Rimasto vedovo a sessant’anni, non si era voluto trasferire a Roma.
Uomo di principi solidi, capace di un umorismo nero, era stato lui il vero padre di Leo Malinverno, mentre Arrigo si perdeva dietro ai suoi traffici e, chiamiamole così, alle sue fidanzate.
L’anno in cui, in quinta ginnasiale, si era voluto ritirare dalla scuola per il duro contrasto con un professore, aveva trascorso l’inverno alla rocca: a studiare tutte le materie in vista – su questo Clara non aveva voluto sentire ragioni – degli esami da privatista.
Nelle pause erano andati in cerca di funghi porcini, a raccogliere legna, a caccia di cinghiali, a mangiare polenta e salsicce alla taverna. Divertimento puro, tra uomini. E c’era anche una coetanea, figlia del falegname, a stuzzicargli le fantasie.
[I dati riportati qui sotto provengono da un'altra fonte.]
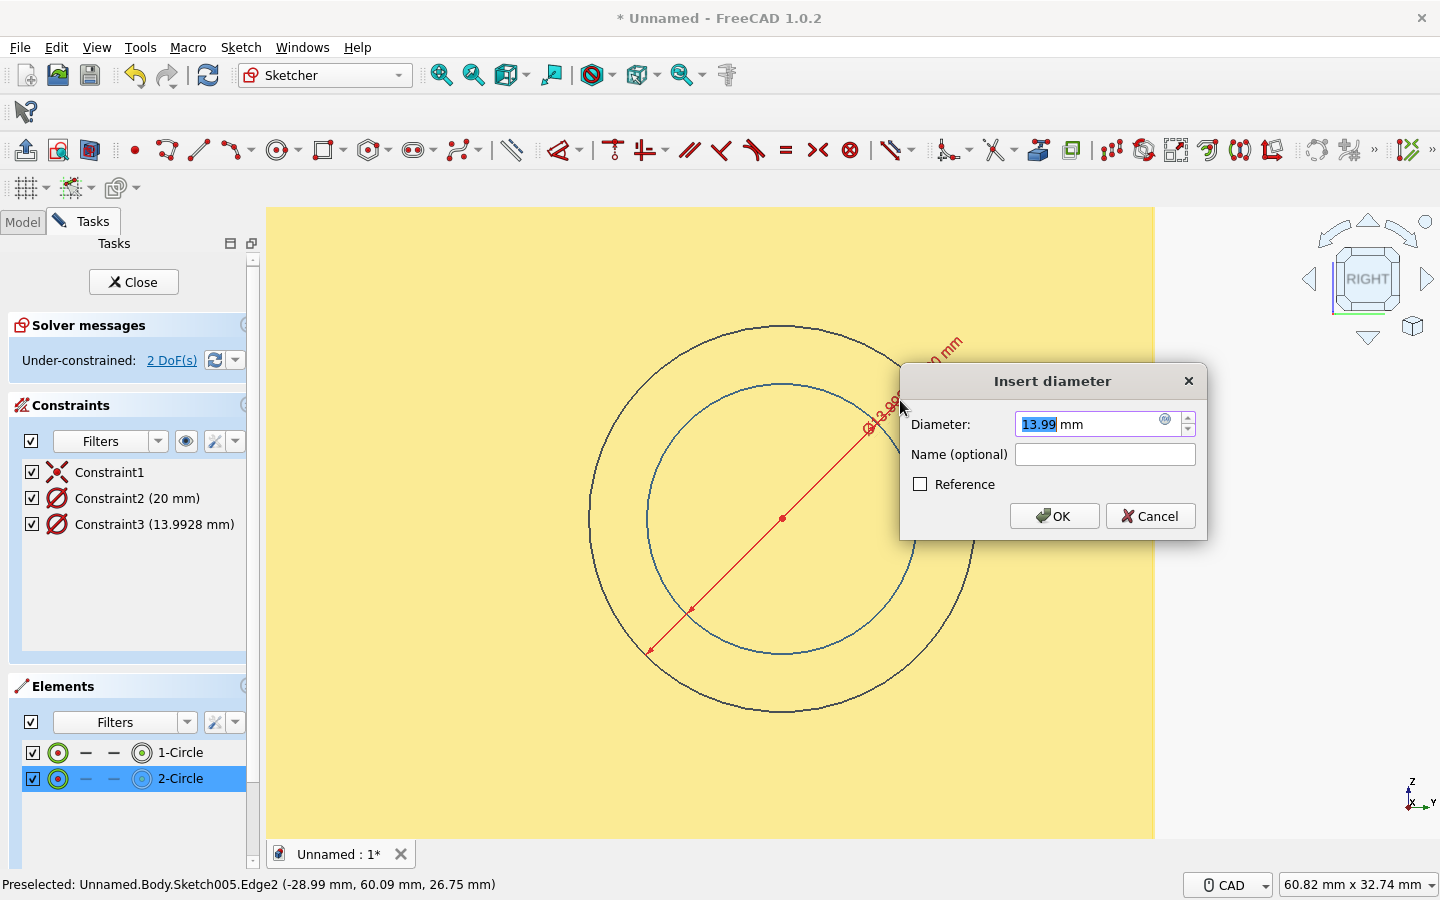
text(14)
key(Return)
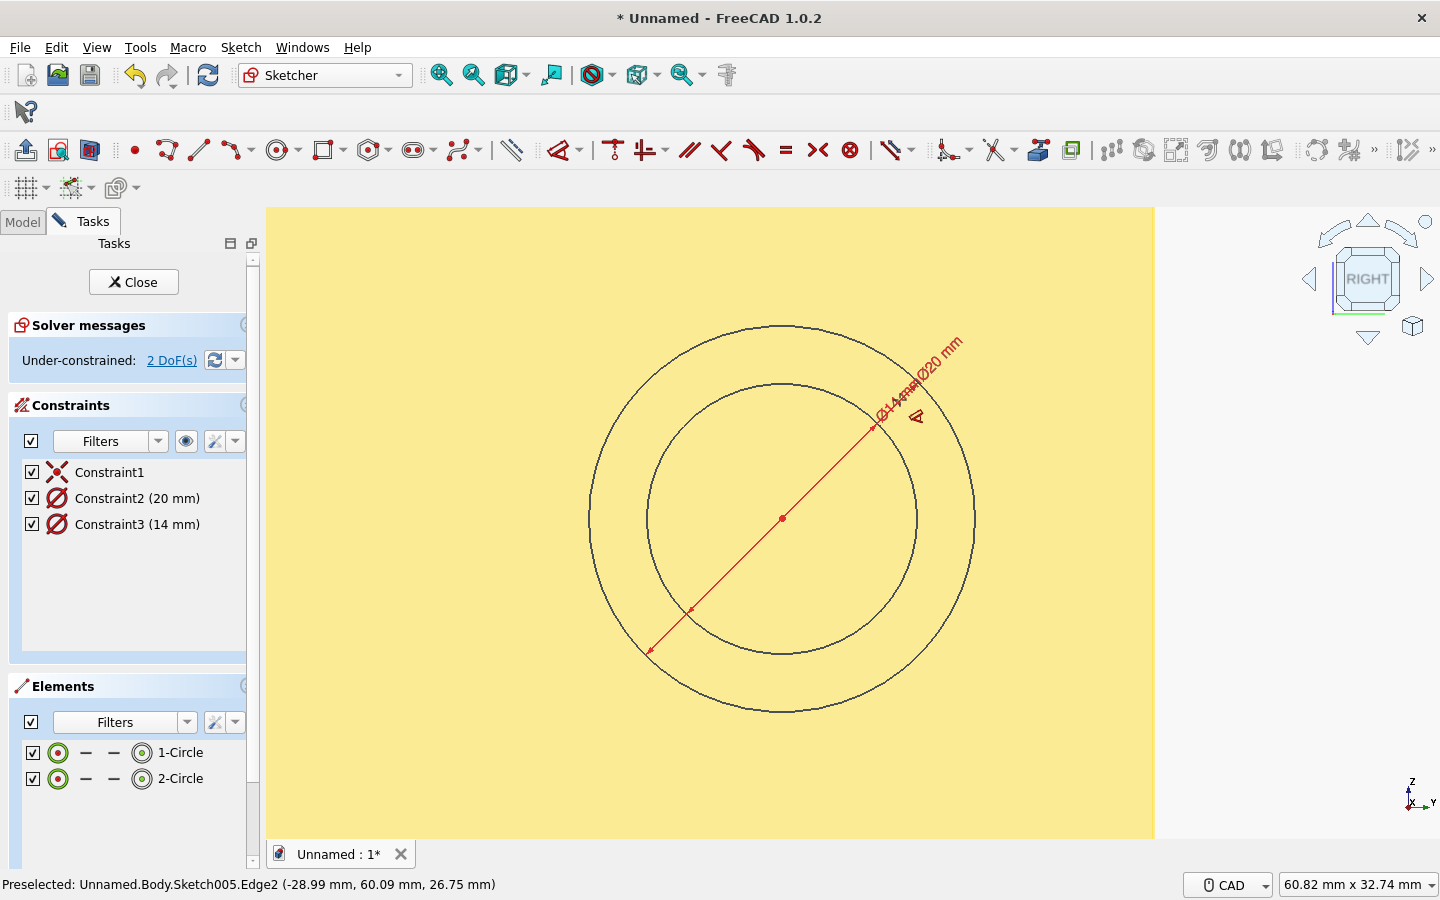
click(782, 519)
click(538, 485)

Più che altro, considerava Tarpasso un rifugio dell’animo, un posto che gli serviva per ritrovarsi. Vi aveva trascorso in passato, dopo la morte del nonno, lunghi o brevi periodi. Sempre da solo.
Per la prima volta sentiva di poterlo condividere con le persone a cui teneva. E l’ipotesi dell’arrivo di Viola lo emozionava.